## BRIEF
If the records include pictures, omit them and set down everything else verbatim.

SUPPLIED RECORDS Start Marker

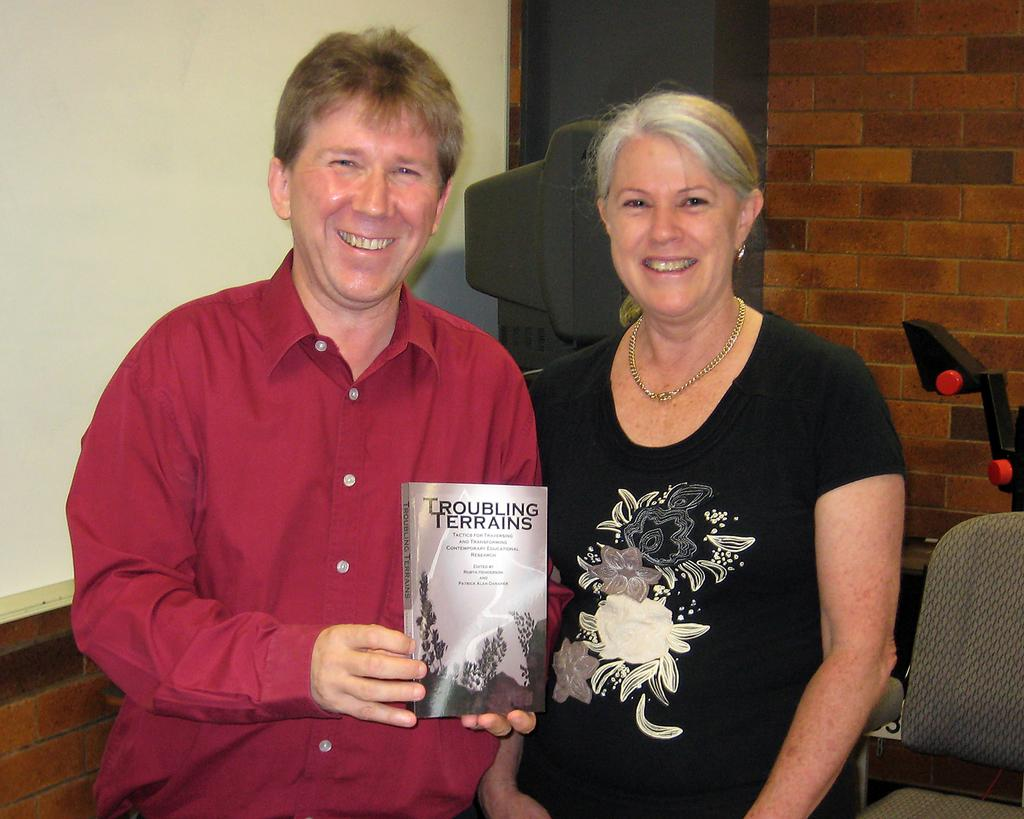<image>
Summarize the visual content of the image. A man holds a copy of Troubling Terrains as he poses for a photo with a woman. 
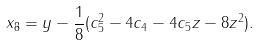<formula> <loc_0><loc_0><loc_500><loc_500>x _ { 8 } = y - \frac { 1 } { 8 } ( c _ { 5 } ^ { 2 } - 4 c _ { 4 } - 4 c _ { 5 } z - 8 z ^ { 2 } ) .</formula> 
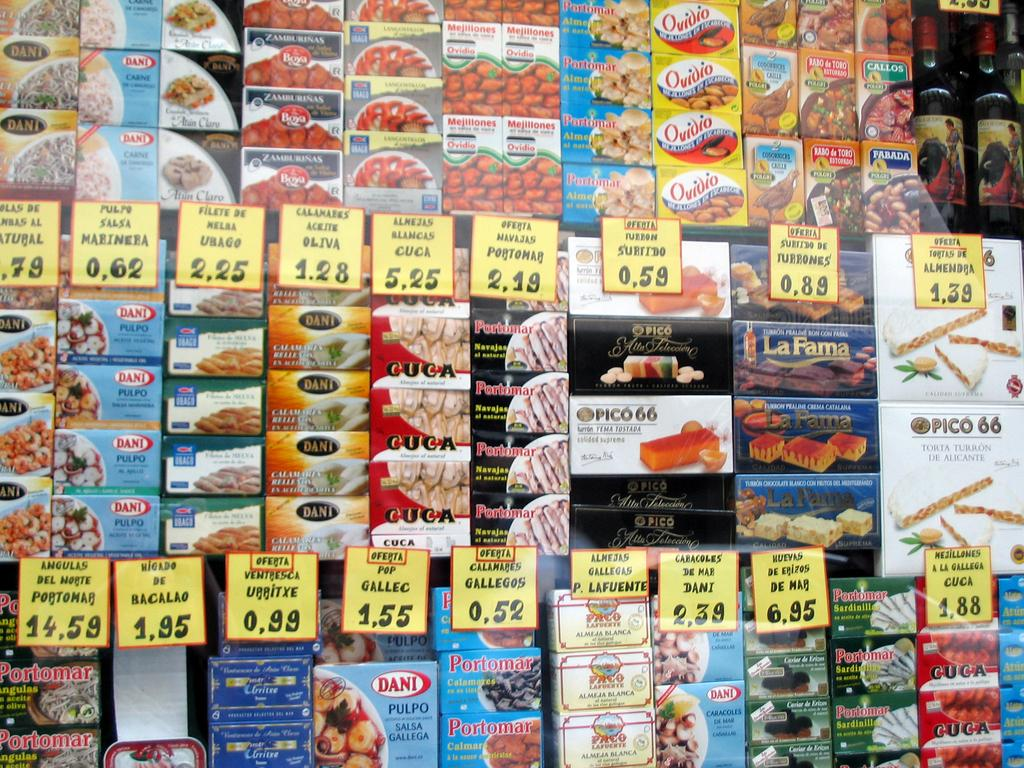<image>
Present a compact description of the photo's key features. A display of foodstuffs, one of which is labelled Dani. 
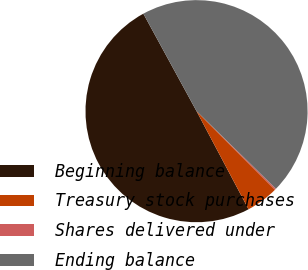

SUPPLIED RECORDS End Marker

## RESPONSE BELOW
<image>
Summarize the visual content of the image. A man holds a copy of Troubling Terrains as he poses for a photo with a woman. 
<formula> <loc_0><loc_0><loc_500><loc_500>x _ { 8 } = y - \frac { 1 } { 8 } ( c _ { 5 } ^ { 2 } - 4 c _ { 4 } - 4 c _ { 5 } z - 8 z ^ { 2 } ) .</formula> 
<image>
Present a compact description of the photo's key features. A display of foodstuffs, one of which is labelled Dani. 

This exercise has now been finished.